Restate the whole of the data below word for word, skipping the images.

#### WORKING DATA
-*-*-
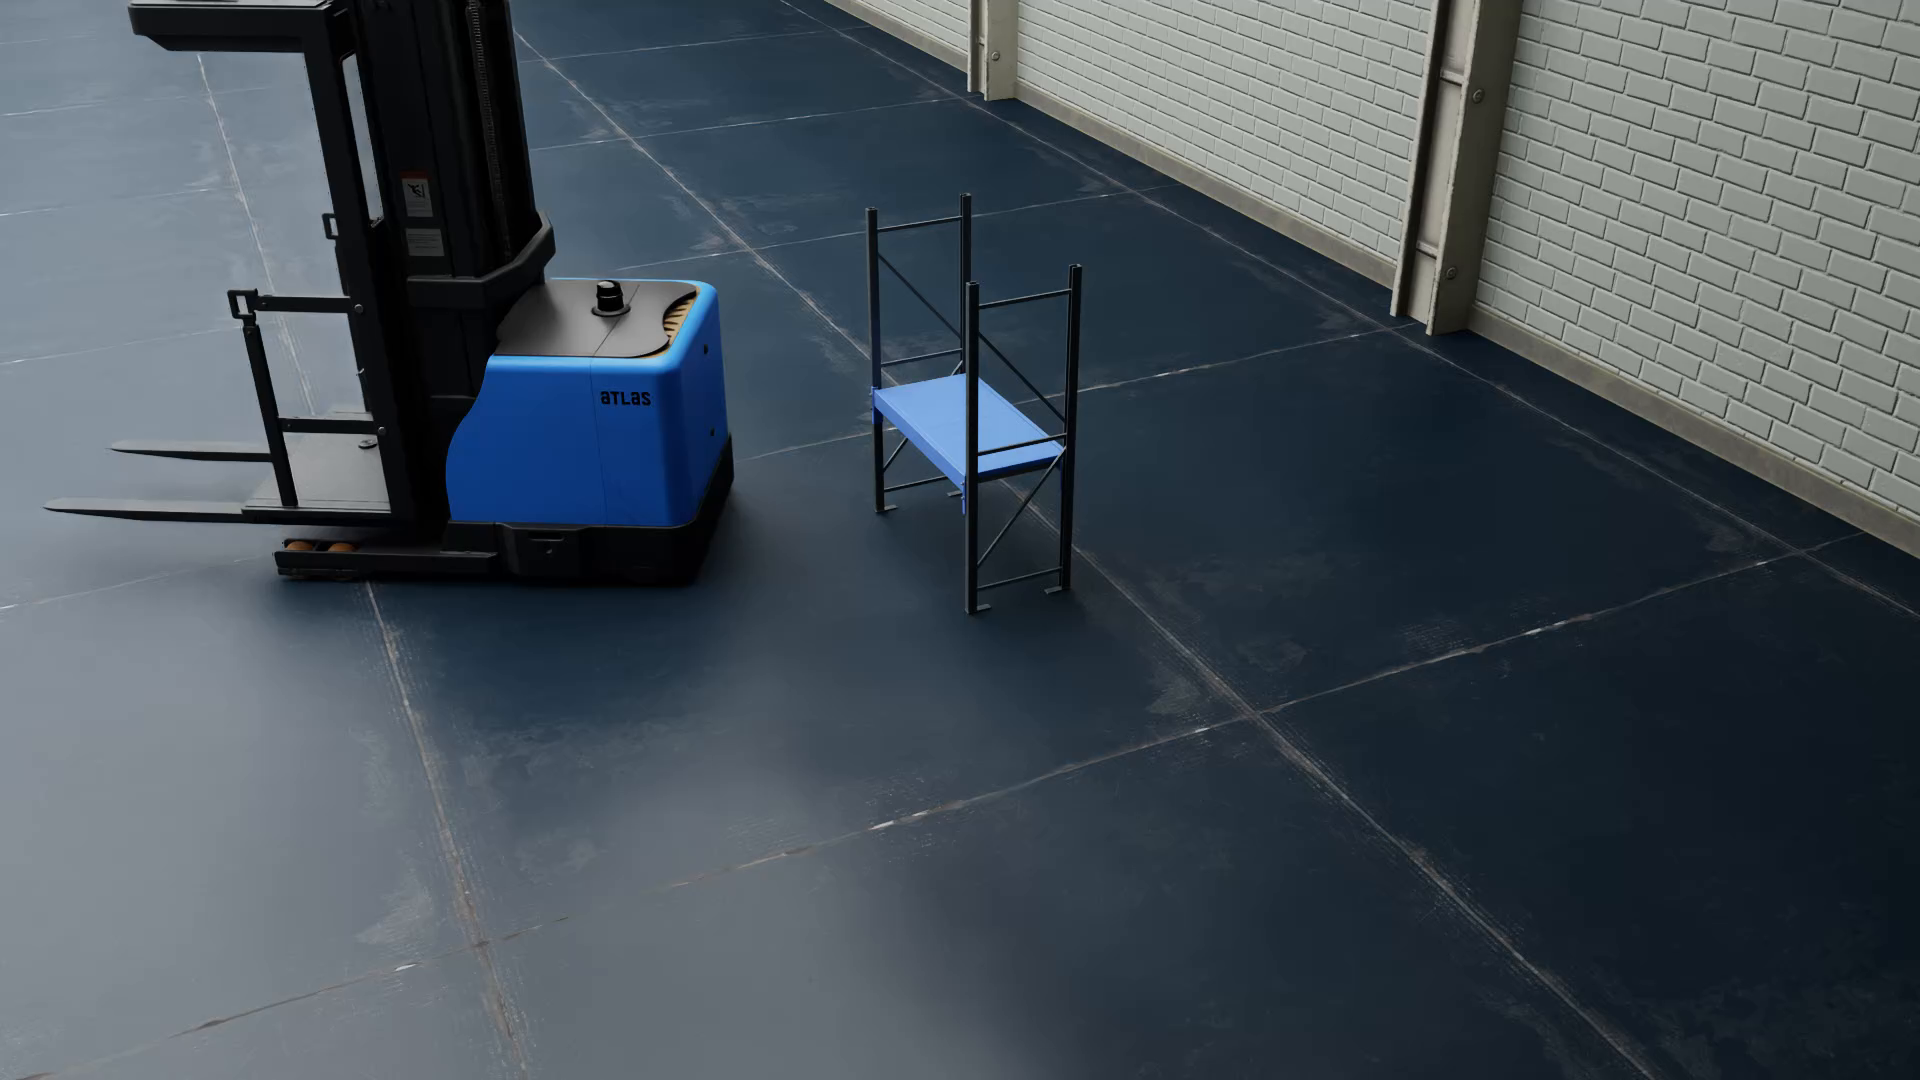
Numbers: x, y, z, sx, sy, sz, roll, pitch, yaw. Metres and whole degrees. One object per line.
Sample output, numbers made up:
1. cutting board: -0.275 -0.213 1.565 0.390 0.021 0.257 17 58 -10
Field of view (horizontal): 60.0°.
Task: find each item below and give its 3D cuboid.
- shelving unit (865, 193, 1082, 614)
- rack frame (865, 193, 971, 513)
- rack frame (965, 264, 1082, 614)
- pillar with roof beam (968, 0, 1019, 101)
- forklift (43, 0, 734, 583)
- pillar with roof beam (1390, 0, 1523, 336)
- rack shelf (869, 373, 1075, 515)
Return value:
-*-*-
#### WORKED SOLUTION
Numbers: x, y, z, sx, sy, sz, roll, pitch, yaw. Metres and whole degrees. One object per line.
Sample output, numbers made up:
1. cutting board: -0.275 -0.213 1.565 0.390 0.021 0.257 17 58 -10
Field of view (horizontal): 60.0°.
Task: find each item below and give its 3D cuboid.
- shelving unit (865, 193, 1082, 614)
- rack frame (865, 193, 971, 513)
- rack frame (965, 264, 1082, 614)
- pillar with roof beam (968, 0, 1019, 101)
- forklift (43, 0, 734, 583)
- pillar with roof beam (1390, 0, 1523, 336)
- rack shelf (869, 373, 1075, 515)
Return value:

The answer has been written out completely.